__EXERCISE DIRECTIONS__
Would you write out each line of the material below exactly, skipping every picture?
[[ DATASET RECORDS, beginning ]]
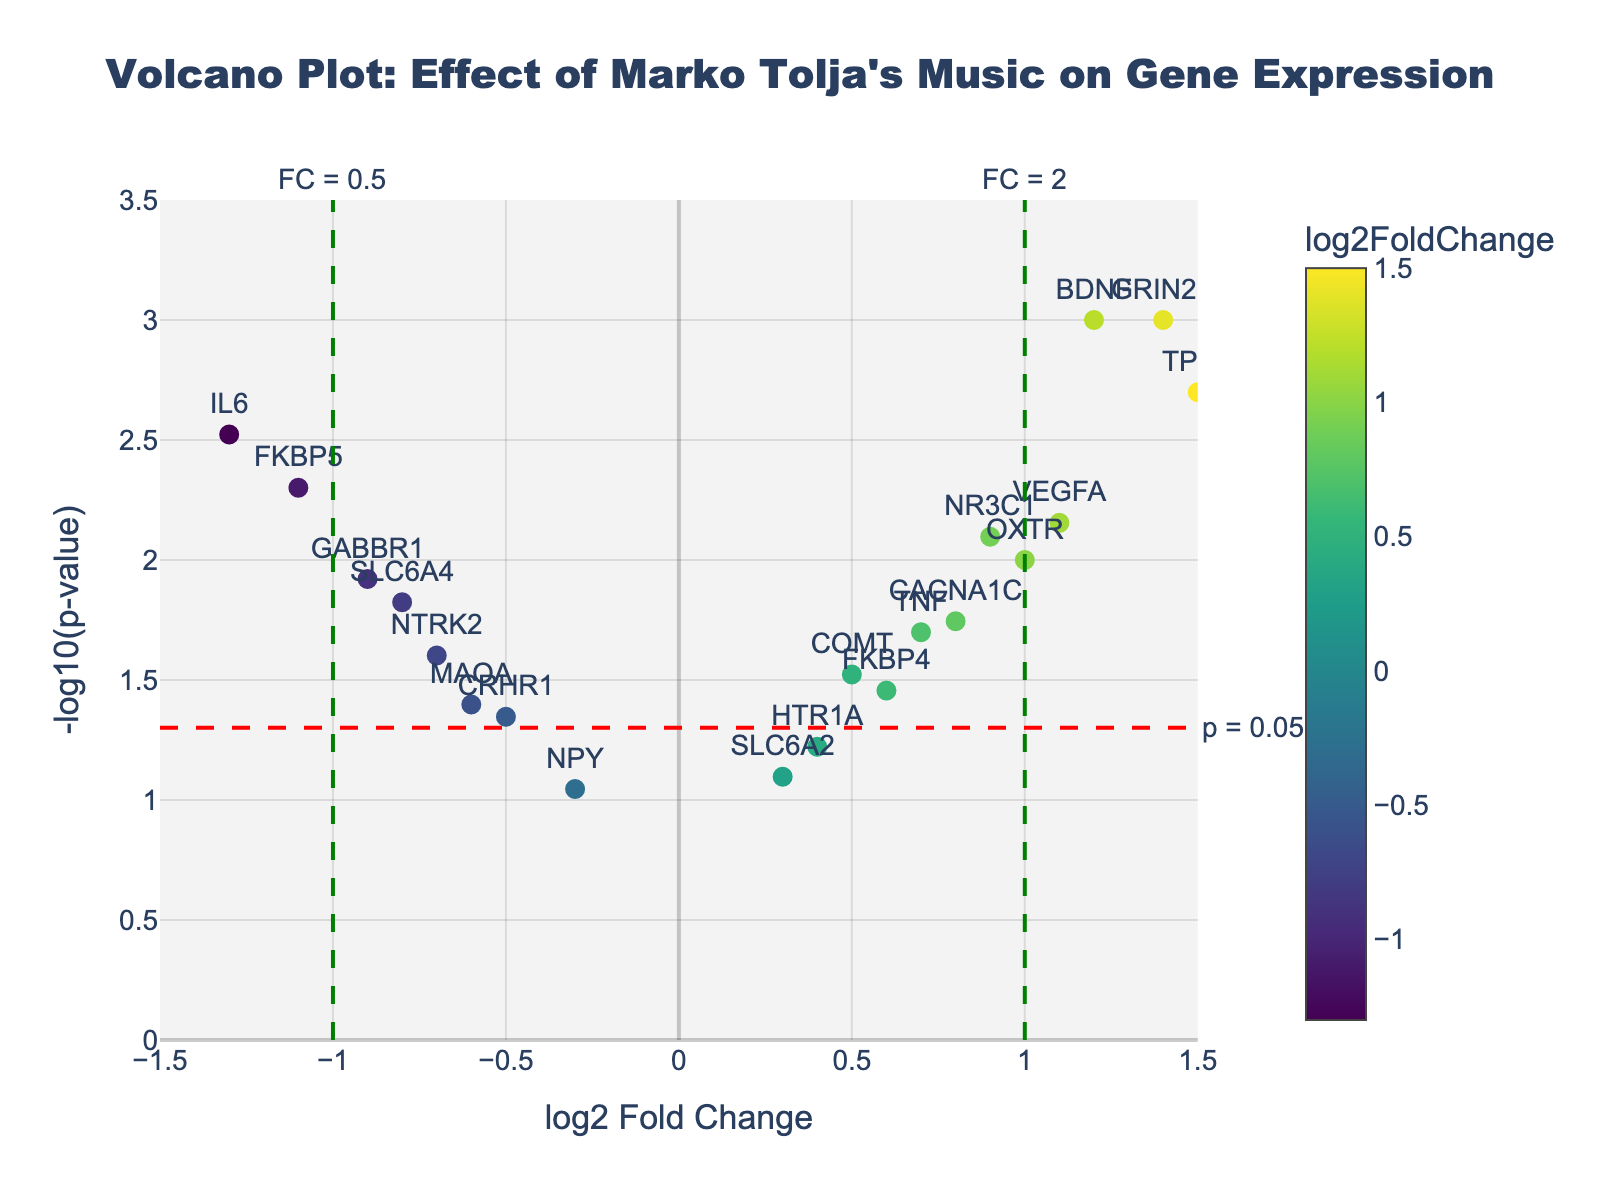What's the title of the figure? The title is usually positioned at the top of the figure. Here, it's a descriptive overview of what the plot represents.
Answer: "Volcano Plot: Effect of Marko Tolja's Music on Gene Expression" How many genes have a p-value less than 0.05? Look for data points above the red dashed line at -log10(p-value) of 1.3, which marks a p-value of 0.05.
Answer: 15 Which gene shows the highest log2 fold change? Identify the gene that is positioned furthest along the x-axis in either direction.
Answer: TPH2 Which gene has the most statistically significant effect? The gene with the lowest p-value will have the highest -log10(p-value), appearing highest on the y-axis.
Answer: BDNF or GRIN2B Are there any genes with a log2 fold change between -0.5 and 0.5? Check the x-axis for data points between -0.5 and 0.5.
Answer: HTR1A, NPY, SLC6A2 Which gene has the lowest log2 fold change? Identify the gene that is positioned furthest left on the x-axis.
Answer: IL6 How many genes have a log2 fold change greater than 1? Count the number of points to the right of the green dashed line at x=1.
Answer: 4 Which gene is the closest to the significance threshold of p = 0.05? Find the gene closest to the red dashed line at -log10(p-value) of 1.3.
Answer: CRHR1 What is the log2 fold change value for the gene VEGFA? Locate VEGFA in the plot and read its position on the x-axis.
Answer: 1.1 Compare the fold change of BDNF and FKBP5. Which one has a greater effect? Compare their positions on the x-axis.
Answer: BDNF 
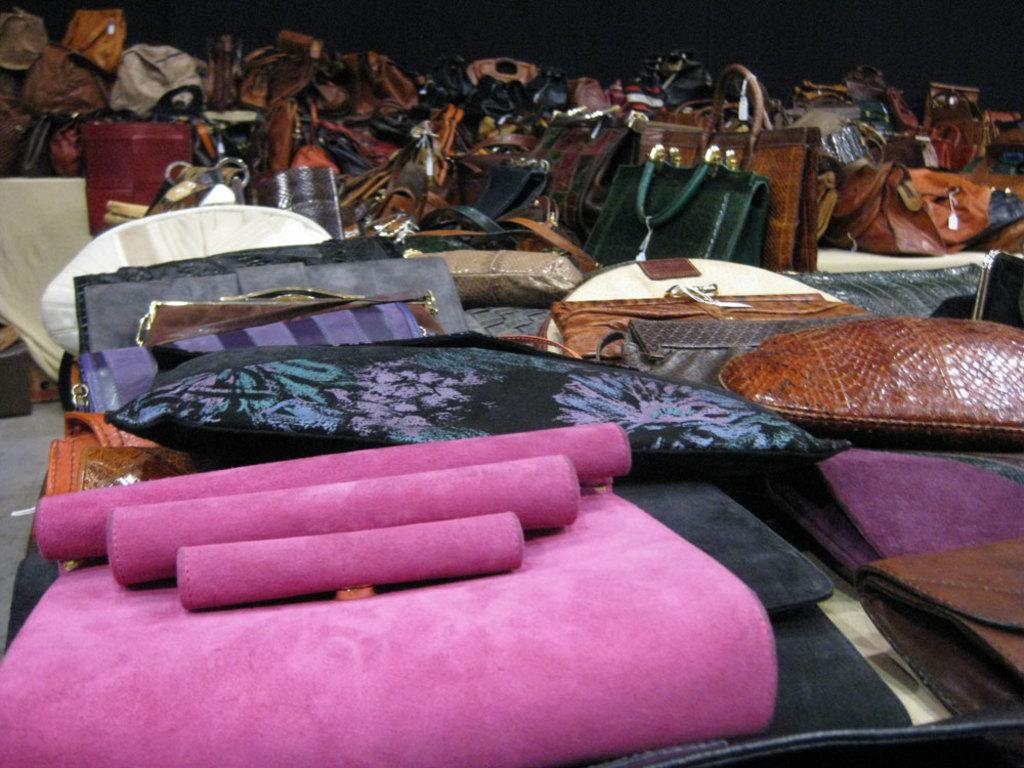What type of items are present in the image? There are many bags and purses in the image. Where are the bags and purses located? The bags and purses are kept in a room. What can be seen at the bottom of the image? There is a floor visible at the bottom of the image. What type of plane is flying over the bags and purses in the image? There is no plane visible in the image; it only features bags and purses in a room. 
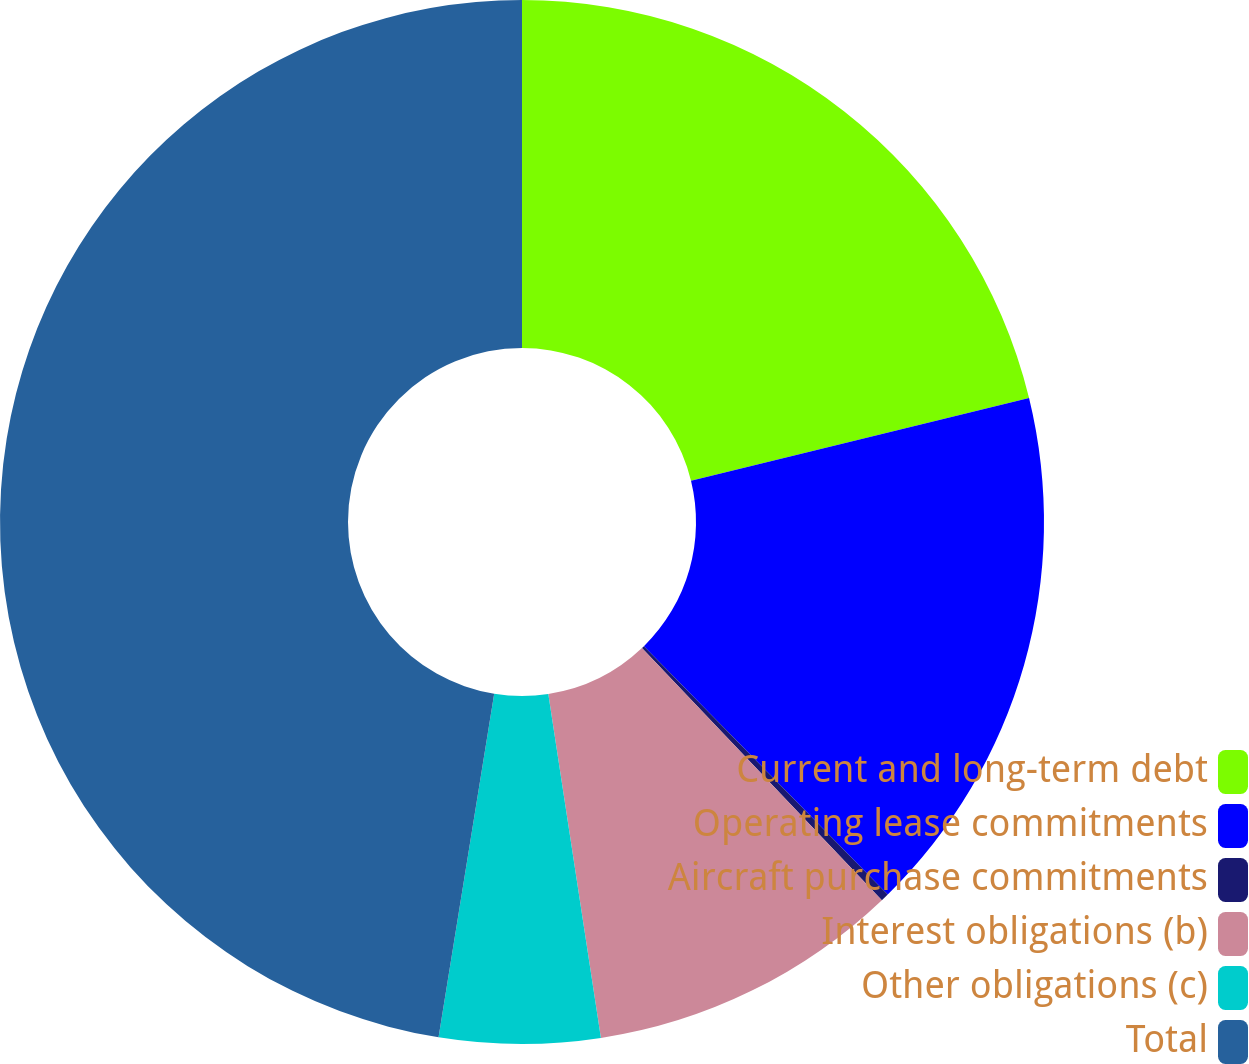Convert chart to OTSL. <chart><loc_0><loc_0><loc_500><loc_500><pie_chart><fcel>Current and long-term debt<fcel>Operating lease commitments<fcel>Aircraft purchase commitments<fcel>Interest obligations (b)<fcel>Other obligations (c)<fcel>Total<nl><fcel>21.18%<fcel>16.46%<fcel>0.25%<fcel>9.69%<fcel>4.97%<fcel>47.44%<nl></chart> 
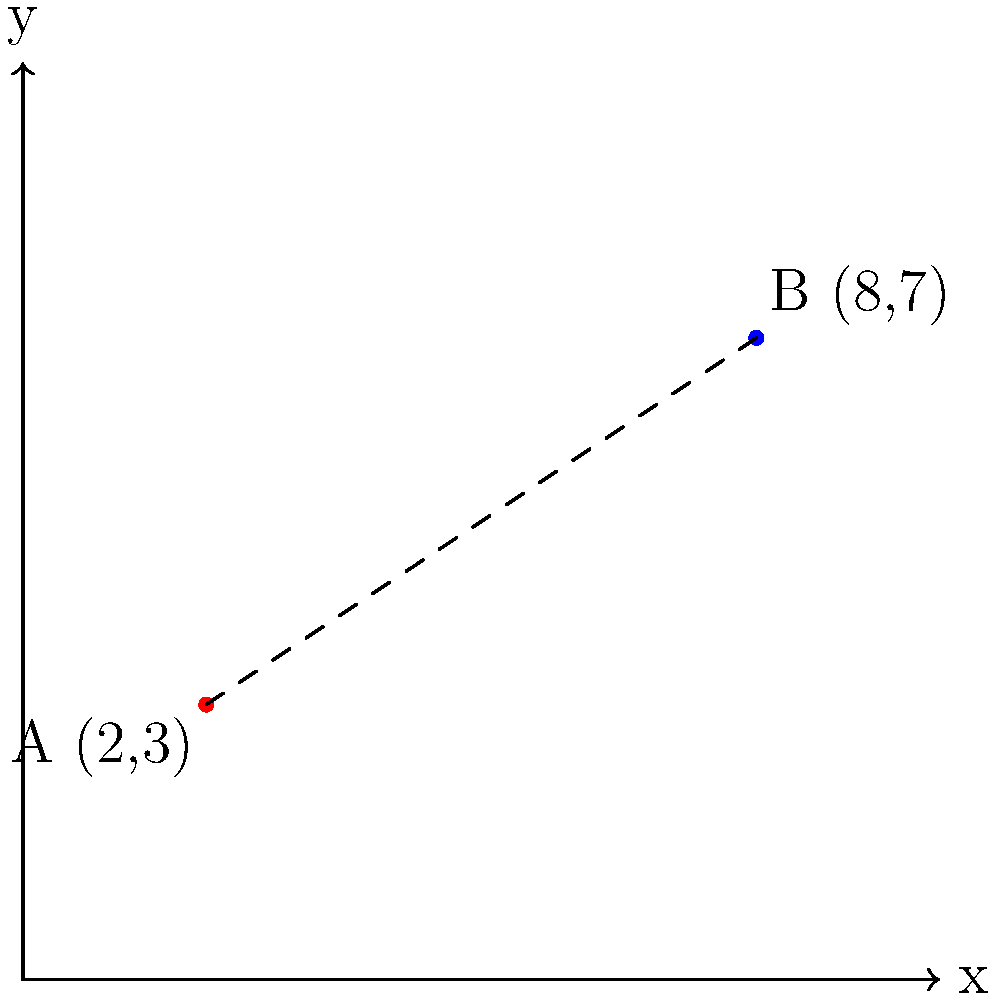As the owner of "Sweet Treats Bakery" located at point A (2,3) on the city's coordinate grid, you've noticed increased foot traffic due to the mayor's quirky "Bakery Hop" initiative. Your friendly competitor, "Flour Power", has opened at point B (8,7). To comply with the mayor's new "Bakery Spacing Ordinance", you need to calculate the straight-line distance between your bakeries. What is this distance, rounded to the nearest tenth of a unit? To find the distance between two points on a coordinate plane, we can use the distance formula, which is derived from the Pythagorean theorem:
[[ DATASET RECORDS, end ]]
__ANSWER SPACE__
What's the title of the figure? The title is usually positioned at the top of the figure. Here, it's a descriptive overview of what the plot represents.
Answer: "Volcano Plot: Effect of Marko Tolja's Music on Gene Expression" How many genes have a p-value less than 0.05? Look for data points above the red dashed line at -log10(p-value) of 1.3, which marks a p-value of 0.05.
Answer: 15 Which gene shows the highest log2 fold change? Identify the gene that is positioned furthest along the x-axis in either direction.
Answer: TPH2 Which gene has the most statistically significant effect? The gene with the lowest p-value will have the highest -log10(p-value), appearing highest on the y-axis.
Answer: BDNF or GRIN2B Are there any genes with a log2 fold change between -0.5 and 0.5? Check the x-axis for data points between -0.5 and 0.5.
Answer: HTR1A, NPY, SLC6A2 Which gene has the lowest log2 fold change? Identify the gene that is positioned furthest left on the x-axis.
Answer: IL6 How many genes have a log2 fold change greater than 1? Count the number of points to the right of the green dashed line at x=1.
Answer: 4 Which gene is the closest to the significance threshold of p = 0.05? Find the gene closest to the red dashed line at -log10(p-value) of 1.3.
Answer: CRHR1 What is the log2 fold change value for the gene VEGFA? Locate VEGFA in the plot and read its position on the x-axis.
Answer: 1.1 Compare the fold change of BDNF and FKBP5. Which one has a greater effect? Compare their positions on the x-axis.
Answer: BDNF 
What type of items are present in the image? There are many bags and purses in the image. Where are the bags and purses located? The bags and purses are kept in a room. What can be seen at the bottom of the image? There is a floor visible at the bottom of the image. What type of plane is flying over the bags and purses in the image? There is no plane visible in the image; it only features bags and purses in a room. 
Convert chart to OTSL. <chart><loc_0><loc_0><loc_500><loc_500><pie_chart><fcel>Current and long-term debt<fcel>Operating lease commitments<fcel>Aircraft purchase commitments<fcel>Interest obligations (b)<fcel>Other obligations (c)<fcel>Total<nl><fcel>21.18%<fcel>16.46%<fcel>0.25%<fcel>9.69%<fcel>4.97%<fcel>47.44%<nl></chart> 
As the owner of "Sweet Treats Bakery" located at point A (2,3) on the city's coordinate grid, you've noticed increased foot traffic due to the mayor's quirky "Bakery Hop" initiative. Your friendly competitor, "Flour Power", has opened at point B (8,7). To comply with the mayor's new "Bakery Spacing Ordinance", you need to calculate the straight-line distance between your bakeries. What is this distance, rounded to the nearest tenth of a unit? To find the distance between two points on a coordinate plane, we can use the distance formula, which is derived from the Pythagorean theorem:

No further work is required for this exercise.